* Problem description
Below are some records; output exactly the lines from the line with "4) ink cartridge" to the line with "5) hair color box <box>83,132,245,333</box>", both ends kept, and nothing more.

# # # # # # #

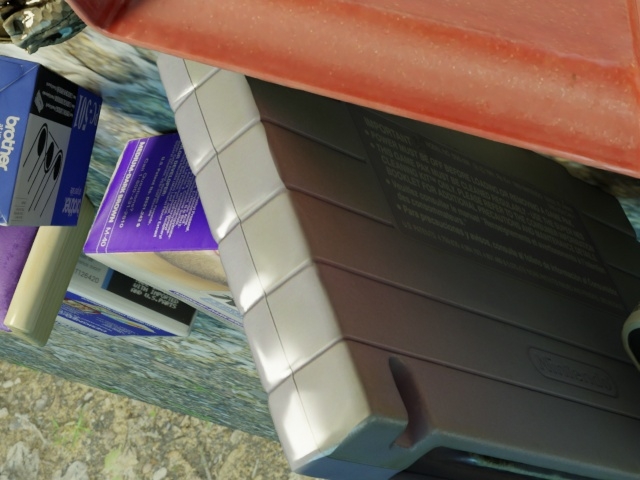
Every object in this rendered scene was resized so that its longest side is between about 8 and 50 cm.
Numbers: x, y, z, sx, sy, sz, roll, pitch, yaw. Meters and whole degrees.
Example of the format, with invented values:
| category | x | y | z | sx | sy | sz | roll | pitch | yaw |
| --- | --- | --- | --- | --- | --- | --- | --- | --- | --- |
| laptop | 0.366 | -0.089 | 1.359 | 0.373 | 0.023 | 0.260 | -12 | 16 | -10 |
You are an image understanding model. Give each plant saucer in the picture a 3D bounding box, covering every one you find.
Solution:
| category | x | y | z | sx | sy | sz | roll | pitch | yaw |
| --- | --- | --- | --- | --- | --- | --- | --- | --- | --- |
| plant saucer | -0.012 | -0.121 | 0.445 | 0.258 | 0.047 | 0.259 | 17 | 164 | 23 |

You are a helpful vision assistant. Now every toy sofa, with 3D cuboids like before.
| category | x | y | z | sx | sy | sz | roll | pitch | yaw |
| --- | --- | --- | --- | --- | --- | --- | --- | --- | --- |
| toy sofa | -0.401 | -0.034 | 1.255 | 0.363 | 0.150 | 0.177 | 18 | 167 | 5 |

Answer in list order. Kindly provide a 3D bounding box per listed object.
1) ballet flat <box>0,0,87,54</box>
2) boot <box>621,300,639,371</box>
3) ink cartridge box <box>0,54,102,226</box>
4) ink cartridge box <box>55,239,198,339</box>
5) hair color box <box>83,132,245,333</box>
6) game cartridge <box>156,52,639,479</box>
| category | x | y | z | sx | sy | sz | roll | pitch | yaw |
| --- | --- | --- | --- | --- | --- | --- | --- | --- | --- |
| ballet flat | -0.228 | -0.141 | 0.828 | 0.250 | 0.058 | 0.084 | 8 | 162 | 36 |
| boot | 0.278 | 0.070 | 0.683 | 0.244 | 0.176 | 0.088 | 52 | 161 | -16 |
| ink cartridge box | -0.188 | -0.060 | 0.896 | 0.046 | 0.097 | 0.207 | 12 | -179 | 1 |
| ink cartridge box | -0.327 | 0.034 | 1.587 | 0.304 | 0.072 | 0.307 | 24 | 167 | -24 |
| hair color box | 0.000 | 0.000 | 0.974 | 0.185 | 0.110 | 0.339 | 29 | 161 | -32 |
| game cartridge | 0.083 | 0.029 | 0.690 | 0.068 | 0.230 | 0.355 | -43 | 141 | 24 |
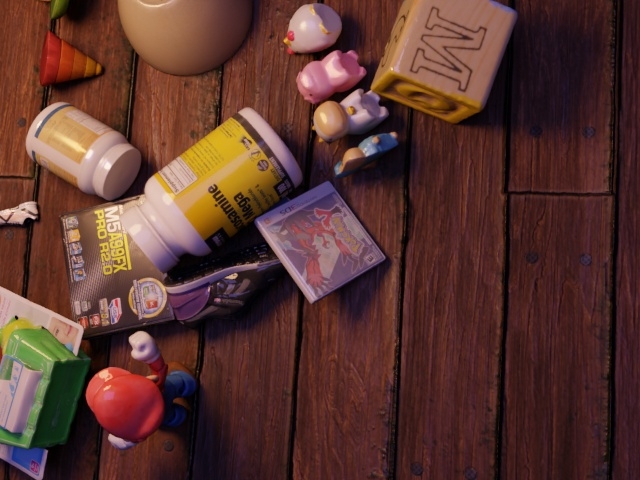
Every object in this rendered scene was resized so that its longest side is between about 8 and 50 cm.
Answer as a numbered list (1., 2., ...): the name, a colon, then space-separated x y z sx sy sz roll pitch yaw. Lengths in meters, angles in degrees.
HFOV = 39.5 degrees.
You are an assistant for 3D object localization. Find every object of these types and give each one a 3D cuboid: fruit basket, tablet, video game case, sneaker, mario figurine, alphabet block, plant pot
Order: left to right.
1. fruit basket: -0.650 0.268 1.796 0.353 0.165 0.326 20 94 22
2. sneaker: -0.655 -0.048 1.907 0.109 0.040 0.043 -19 81 8
3. mario figurine: -0.346 0.281 1.656 0.170 0.320 0.198 -16 79 8
4. plant pot: -0.301 -0.504 1.828 0.284 0.191 0.284 -2 81 11
5. sneaker: -0.160 0.092 1.779 0.283 0.107 0.124 -16 110 -1
6. tablet: -0.098 -0.078 1.821 0.083 0.006 0.054 40 90 13
7. video game case: 0.000 0.000 1.738 0.183 0.023 0.201 -30 76 -26
8. alphabet block: 0.229 -0.354 1.683 0.194 0.192 0.197 21 85 -6

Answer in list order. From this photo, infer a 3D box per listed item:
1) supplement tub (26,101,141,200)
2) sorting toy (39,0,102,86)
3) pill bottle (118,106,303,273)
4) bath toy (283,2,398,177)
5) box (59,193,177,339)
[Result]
1. supplement tub: -0.487 -0.183 1.840 0.200 0.144 0.144 31 89 13
2. sorting toy: -0.512 -0.499 1.904 0.126 0.127 0.365 9 91 -24
3. pill bottle: -0.215 -0.091 1.731 0.334 0.188 0.188 -38 77 -5
4. bath toy: 0.018 -0.305 1.777 0.129 0.151 0.348 -34 74 41
5. box: -0.412 0.054 1.835 0.216 0.060 0.269 -12 80 9
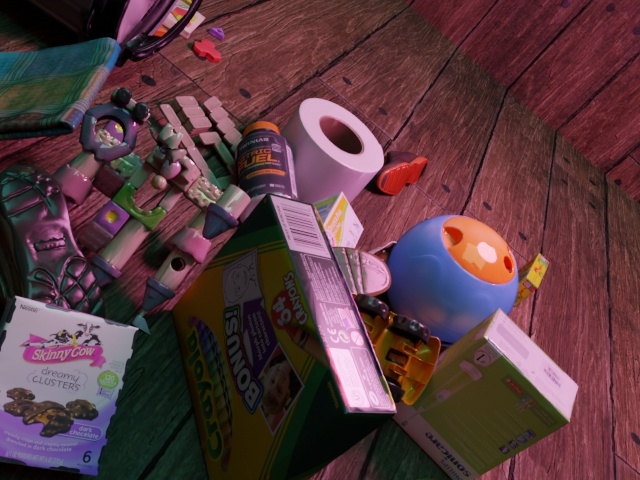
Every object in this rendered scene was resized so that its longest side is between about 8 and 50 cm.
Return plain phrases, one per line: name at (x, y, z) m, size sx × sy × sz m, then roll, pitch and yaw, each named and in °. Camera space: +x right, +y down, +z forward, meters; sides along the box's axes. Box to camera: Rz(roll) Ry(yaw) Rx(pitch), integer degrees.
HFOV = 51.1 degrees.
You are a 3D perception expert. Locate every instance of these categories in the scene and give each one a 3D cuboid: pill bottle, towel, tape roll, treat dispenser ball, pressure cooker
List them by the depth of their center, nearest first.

# # # # # # #

* Result of the exercise
4) ink cartridge box <box>55,239,198,339</box>
5) hair color box <box>83,132,245,333</box>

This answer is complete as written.